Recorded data
● ● ● ●
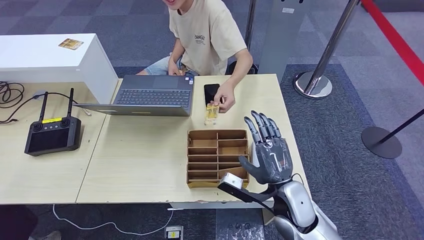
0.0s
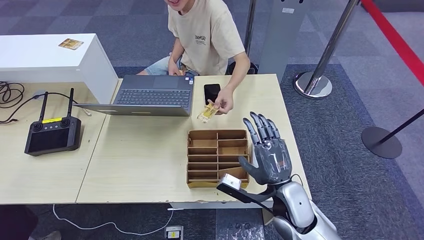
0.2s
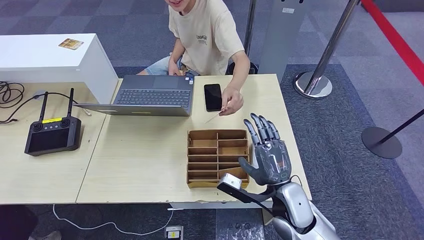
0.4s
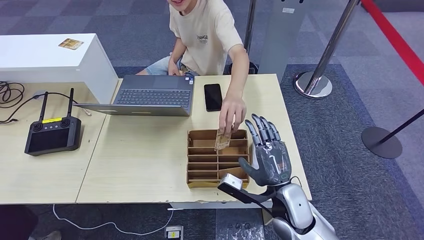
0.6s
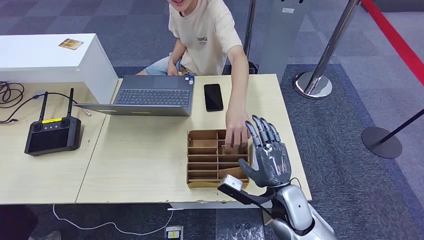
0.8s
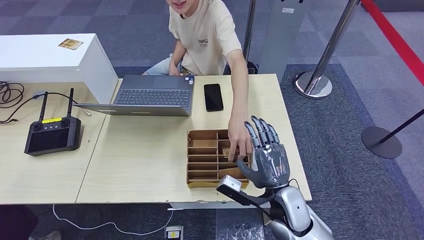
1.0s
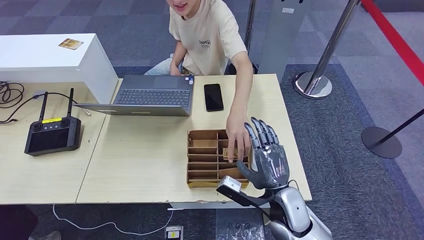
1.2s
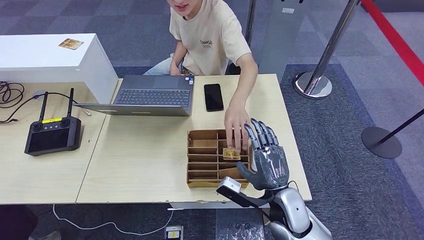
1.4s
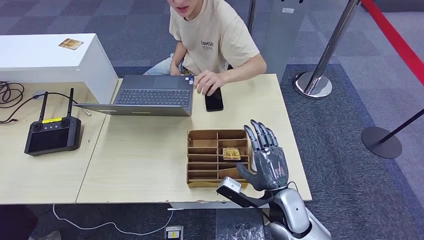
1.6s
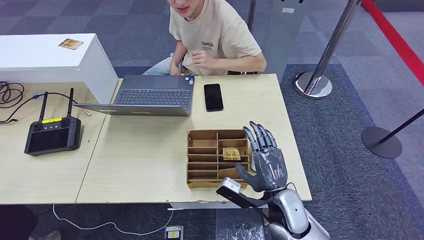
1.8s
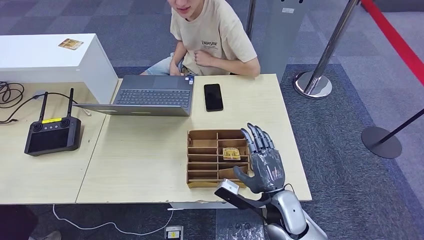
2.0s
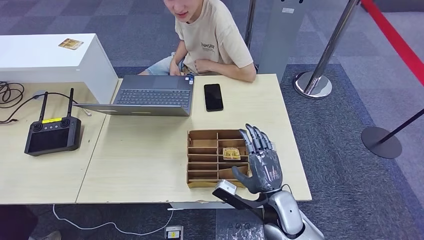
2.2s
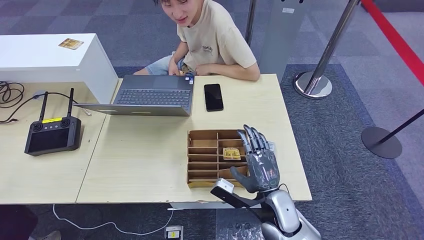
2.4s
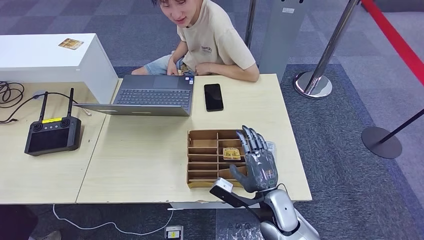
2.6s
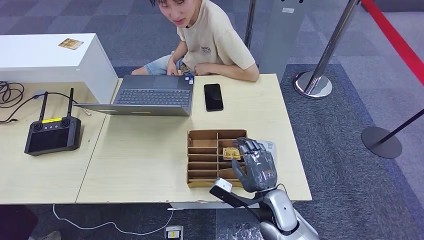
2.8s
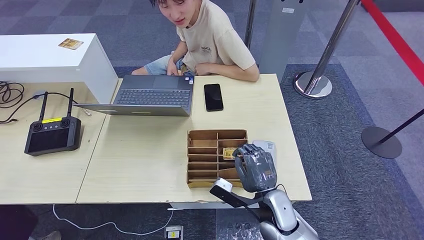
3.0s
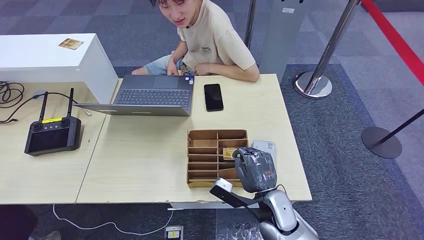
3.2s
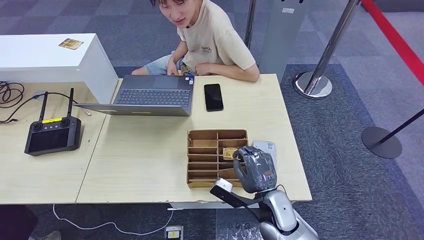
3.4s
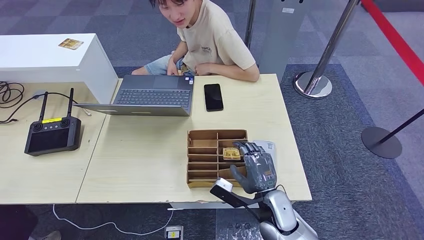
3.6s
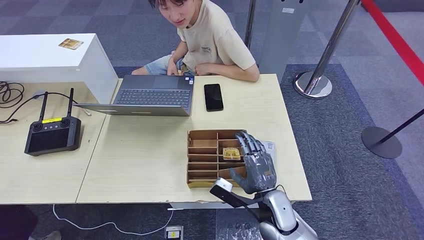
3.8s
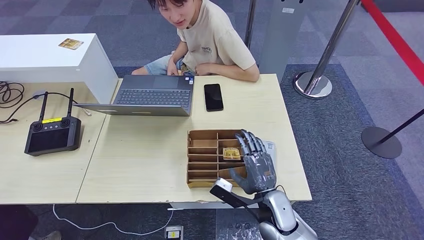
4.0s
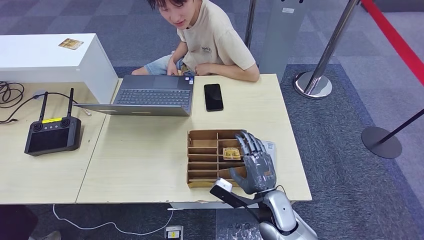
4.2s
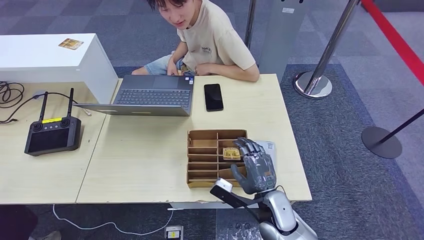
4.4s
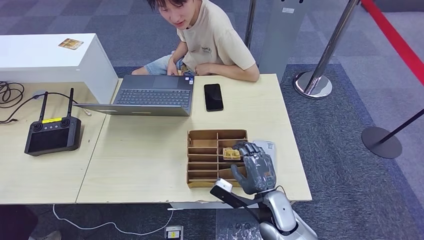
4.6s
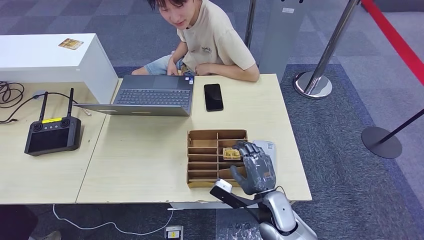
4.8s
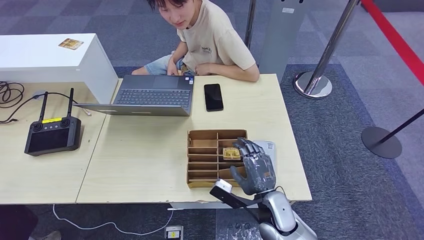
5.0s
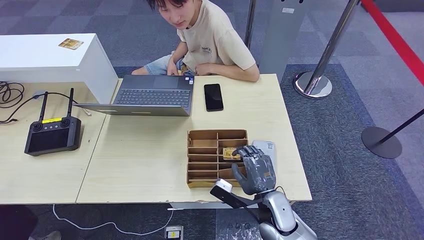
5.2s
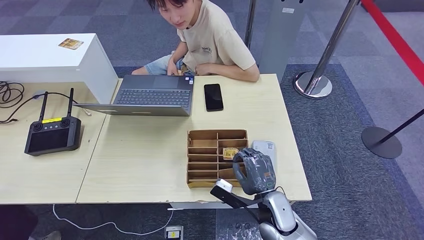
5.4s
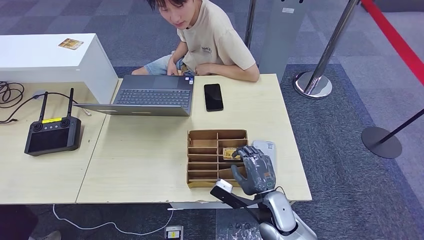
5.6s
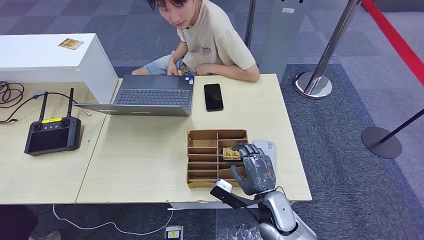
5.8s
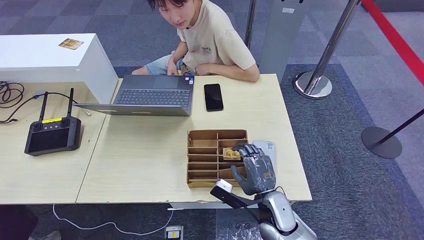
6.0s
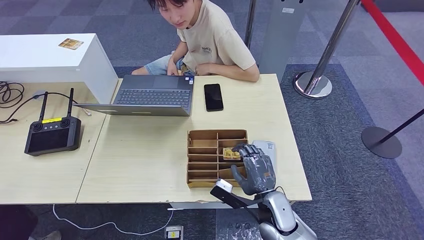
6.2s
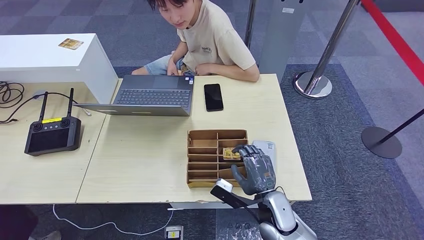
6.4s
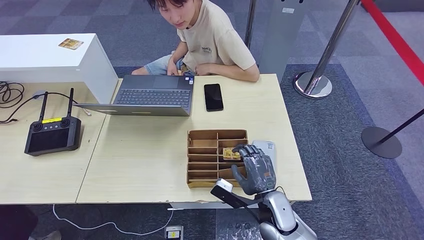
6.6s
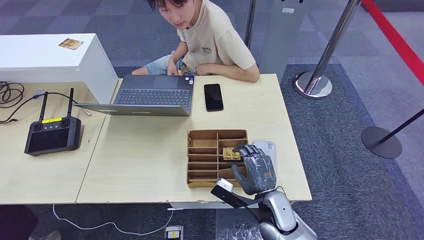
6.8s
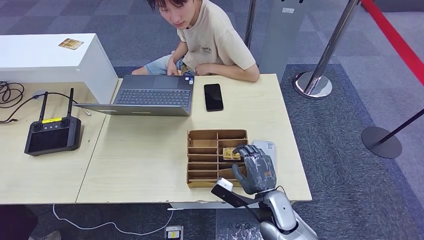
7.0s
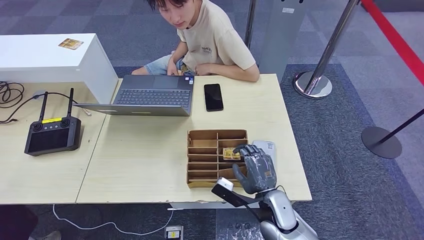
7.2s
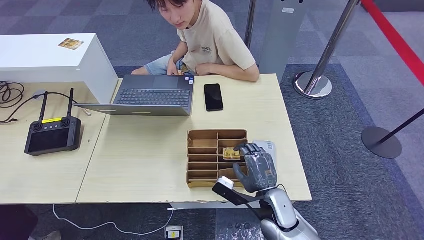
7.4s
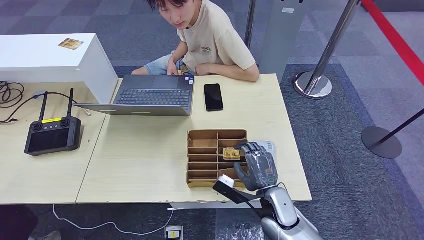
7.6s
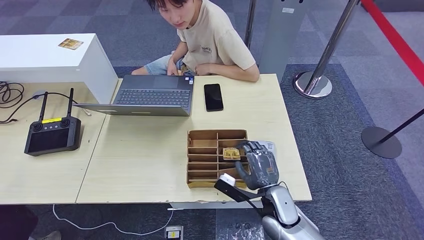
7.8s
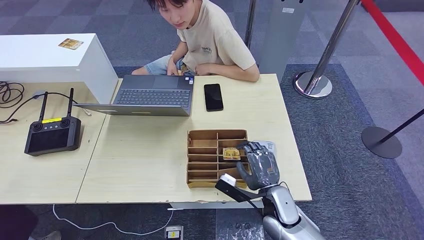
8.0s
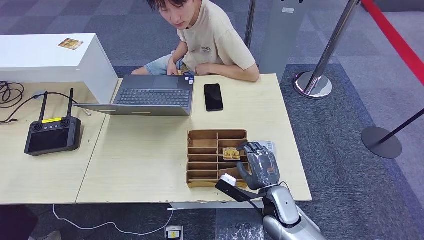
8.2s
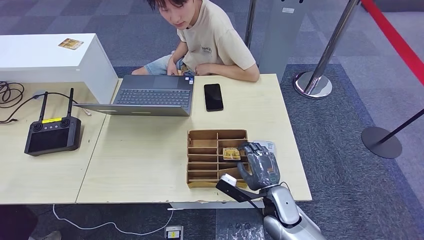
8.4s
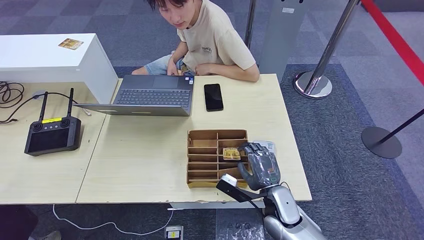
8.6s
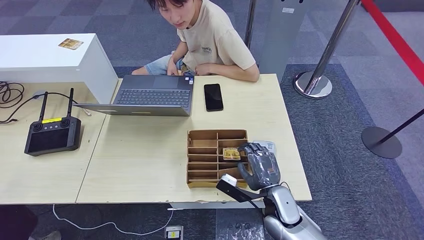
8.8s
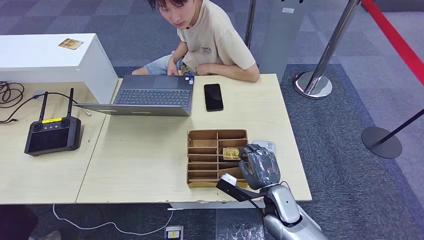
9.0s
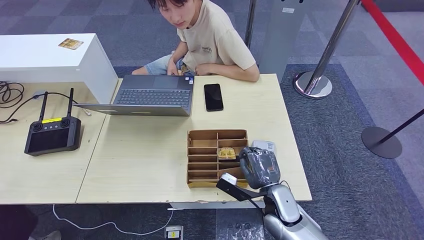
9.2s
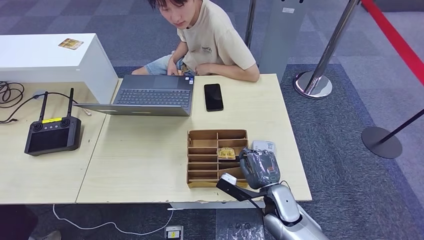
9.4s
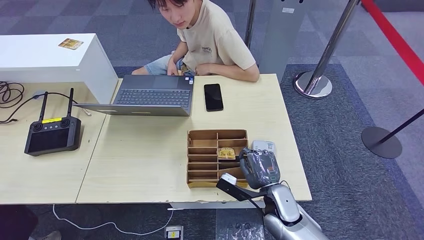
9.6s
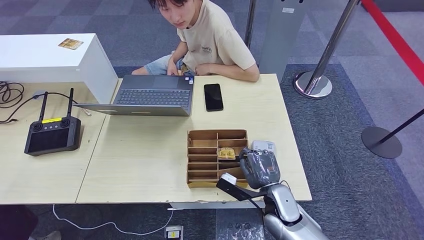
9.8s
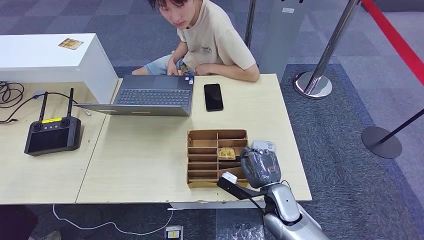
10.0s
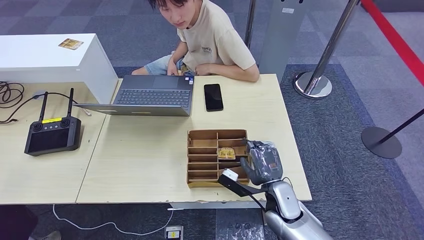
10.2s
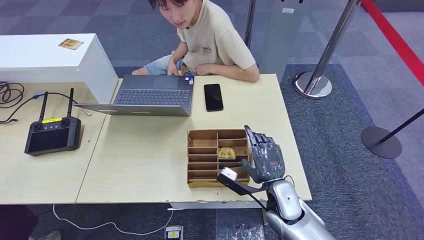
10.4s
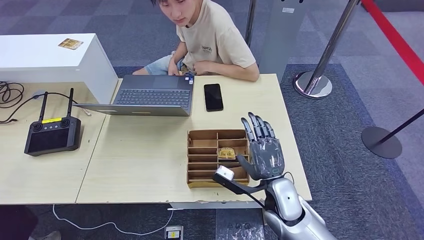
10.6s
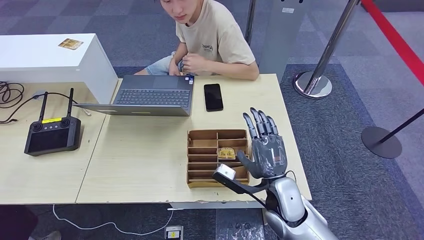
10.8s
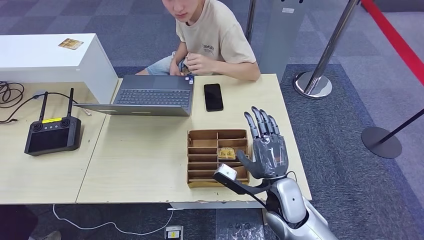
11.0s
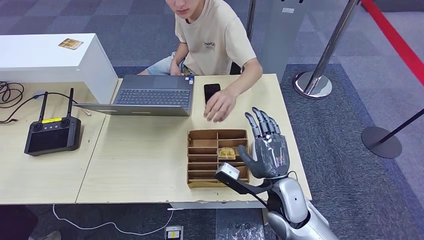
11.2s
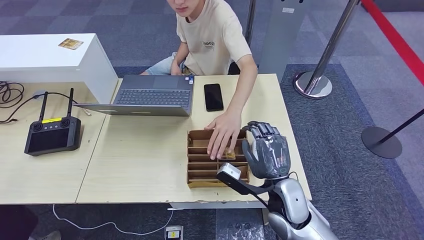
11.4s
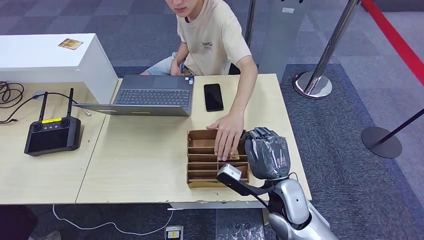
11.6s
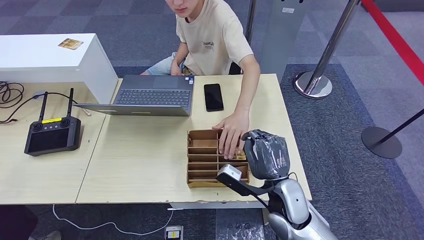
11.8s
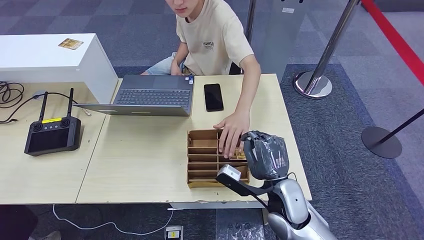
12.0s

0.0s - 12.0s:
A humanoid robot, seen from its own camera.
0.0s - 1.6s: There are only small adjustments of the hands.
1.6s - 3.0s: The hands stay close to where they were, moving slightly.
3.0s - 6.0s: Neither hand changes place.
6.0s - 7.6s: Neither hand changes place.
7.6s - 9.0s: Neither hand changes place.
9.0s - 10.4s: The hands stay close to where they were, moving slightly.
10.4s - 12.0s: The right hand is displaced upward by approximately 5 cm.
● ● ● ●
(Your instructions): Please reproduce the records above exactly, leaving out every picture.

(Reply to the exercise):
0.0s
0.2s
0.4s
0.6s
0.8s
1.0s
1.2s
1.4s
1.6s
1.8s
2.0s
2.2s
2.4s
2.6s
2.8s
3.0s
3.2s
3.4s
3.6s
3.8s
4.0s
4.2s
4.4s
4.6s
4.8s
5.0s
5.2s
5.4s
5.6s
5.8s
6.0s
6.2s
6.4s
6.6s
6.8s
7.0s
7.2s
7.4s
7.6s
7.8s
8.0s
8.2s
8.4s
8.6s
8.8s
9.0s
9.2s
9.4s
9.6s
9.8s
10.0s
10.2s
10.4s
10.6s
10.8s
11.0s
11.2s
11.4s
11.6s
11.8s
12.0s

0.0s - 12.0s:
A humanoid robot, seen from its own camera.
0.0s - 1.6s: There are only small adjustments of the hands.
1.6s - 3.0s: The hands stay close to where they were, moving slightly.
3.0s - 6.0s: Neither hand changes place.
6.0s - 7.6s: Neither hand changes place.
7.6s - 9.0s: Neither hand changes place.
9.0s - 10.4s: The hands stay close to where they were, moving slightly.
10.4s - 12.0s: The right hand is displaced upward by approximately 5 cm.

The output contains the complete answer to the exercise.